:: Stored data entries ::
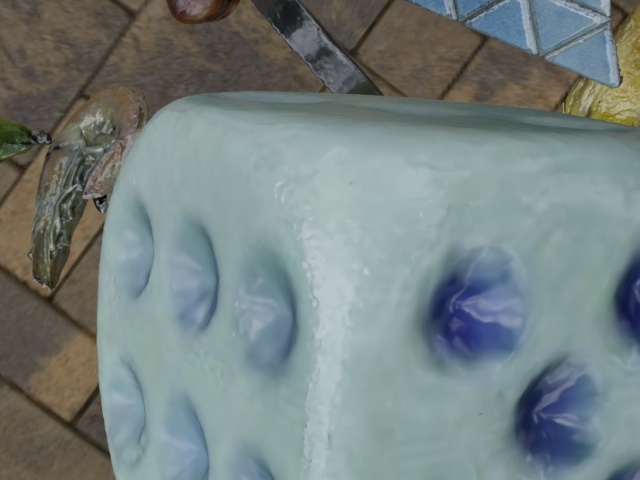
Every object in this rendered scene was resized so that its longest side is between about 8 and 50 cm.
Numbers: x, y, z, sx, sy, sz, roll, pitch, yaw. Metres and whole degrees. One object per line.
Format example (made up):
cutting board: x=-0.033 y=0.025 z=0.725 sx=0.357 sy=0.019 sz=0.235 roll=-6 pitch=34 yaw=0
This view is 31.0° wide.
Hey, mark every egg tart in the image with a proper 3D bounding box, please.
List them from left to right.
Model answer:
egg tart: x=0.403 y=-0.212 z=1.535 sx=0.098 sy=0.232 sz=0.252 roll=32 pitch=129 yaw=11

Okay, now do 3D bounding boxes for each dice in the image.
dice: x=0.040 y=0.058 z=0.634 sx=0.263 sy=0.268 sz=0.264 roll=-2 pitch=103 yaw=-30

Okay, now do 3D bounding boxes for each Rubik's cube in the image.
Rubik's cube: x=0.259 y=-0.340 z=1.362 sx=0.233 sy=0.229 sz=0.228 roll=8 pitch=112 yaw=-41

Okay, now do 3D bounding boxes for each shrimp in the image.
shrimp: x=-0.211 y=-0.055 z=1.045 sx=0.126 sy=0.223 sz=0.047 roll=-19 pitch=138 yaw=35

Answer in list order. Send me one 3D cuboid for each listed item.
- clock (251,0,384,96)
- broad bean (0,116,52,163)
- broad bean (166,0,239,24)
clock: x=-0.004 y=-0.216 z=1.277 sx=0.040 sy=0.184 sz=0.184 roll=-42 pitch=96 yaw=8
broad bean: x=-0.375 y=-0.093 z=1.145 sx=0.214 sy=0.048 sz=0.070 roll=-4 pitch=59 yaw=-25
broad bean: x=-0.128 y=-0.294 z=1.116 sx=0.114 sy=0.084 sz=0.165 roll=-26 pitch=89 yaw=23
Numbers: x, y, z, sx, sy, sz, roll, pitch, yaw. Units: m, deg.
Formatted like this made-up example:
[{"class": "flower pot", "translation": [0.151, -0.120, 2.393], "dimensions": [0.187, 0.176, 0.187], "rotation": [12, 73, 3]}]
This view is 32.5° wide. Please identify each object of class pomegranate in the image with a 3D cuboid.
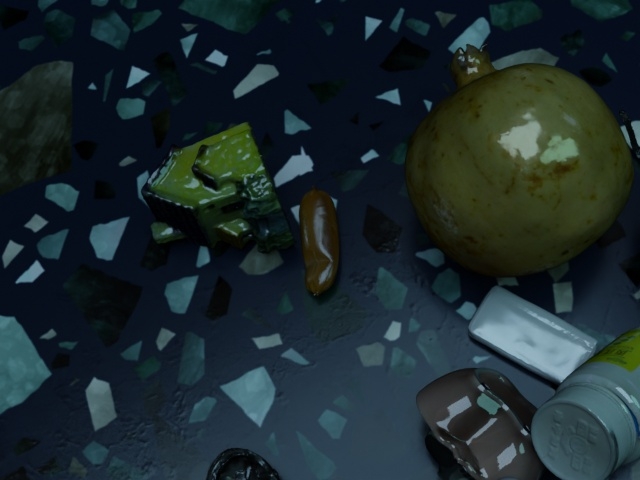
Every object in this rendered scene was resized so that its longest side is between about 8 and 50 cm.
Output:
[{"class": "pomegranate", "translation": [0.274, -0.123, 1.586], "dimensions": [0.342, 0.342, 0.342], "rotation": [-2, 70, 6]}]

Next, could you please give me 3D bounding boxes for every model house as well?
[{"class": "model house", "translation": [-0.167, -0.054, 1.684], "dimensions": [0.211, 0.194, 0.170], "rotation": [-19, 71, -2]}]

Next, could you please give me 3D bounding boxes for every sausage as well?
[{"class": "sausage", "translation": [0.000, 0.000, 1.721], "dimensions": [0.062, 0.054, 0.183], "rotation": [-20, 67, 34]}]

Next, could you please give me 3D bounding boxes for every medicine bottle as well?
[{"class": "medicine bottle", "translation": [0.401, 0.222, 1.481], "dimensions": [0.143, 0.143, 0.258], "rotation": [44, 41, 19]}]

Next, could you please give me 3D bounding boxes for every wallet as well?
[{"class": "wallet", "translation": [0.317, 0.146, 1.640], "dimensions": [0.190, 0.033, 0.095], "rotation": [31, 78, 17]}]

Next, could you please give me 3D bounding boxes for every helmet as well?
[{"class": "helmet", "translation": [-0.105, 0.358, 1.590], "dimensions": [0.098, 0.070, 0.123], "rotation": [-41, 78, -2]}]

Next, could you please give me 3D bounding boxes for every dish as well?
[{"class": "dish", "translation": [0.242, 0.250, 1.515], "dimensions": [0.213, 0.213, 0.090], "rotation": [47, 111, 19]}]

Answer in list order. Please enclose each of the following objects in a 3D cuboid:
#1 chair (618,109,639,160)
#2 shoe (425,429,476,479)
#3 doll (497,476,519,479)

:: Task objective ::
Given the data above, transcribe exactly the lines from the one containing "cutting board: x=-0.033" down to the one containing "- clock (251,0,384,96)", and no others.

:: Solution for this problem ::
cutting board: x=-0.033 y=0.025 z=0.725 sx=0.357 sy=0.019 sz=0.235 roll=-6 pitch=34 yaw=0
This view is 31.0° wide.
Hey, mark every egg tart in the image with a proper 3D bounding box, please.
List them from left to right.
Model answer:
egg tart: x=0.403 y=-0.212 z=1.535 sx=0.098 sy=0.232 sz=0.252 roll=32 pitch=129 yaw=11

Okay, now do 3D bounding boxes for each dice in the image.
dice: x=0.040 y=0.058 z=0.634 sx=0.263 sy=0.268 sz=0.264 roll=-2 pitch=103 yaw=-30

Okay, now do 3D bounding boxes for each Rubik's cube in the image.
Rubik's cube: x=0.259 y=-0.340 z=1.362 sx=0.233 sy=0.229 sz=0.228 roll=8 pitch=112 yaw=-41

Okay, now do 3D bounding boxes for each shrimp in the image.
shrimp: x=-0.211 y=-0.055 z=1.045 sx=0.126 sy=0.223 sz=0.047 roll=-19 pitch=138 yaw=35

Answer in list order. Send me one 3D cuboid for each listed item.
- clock (251,0,384,96)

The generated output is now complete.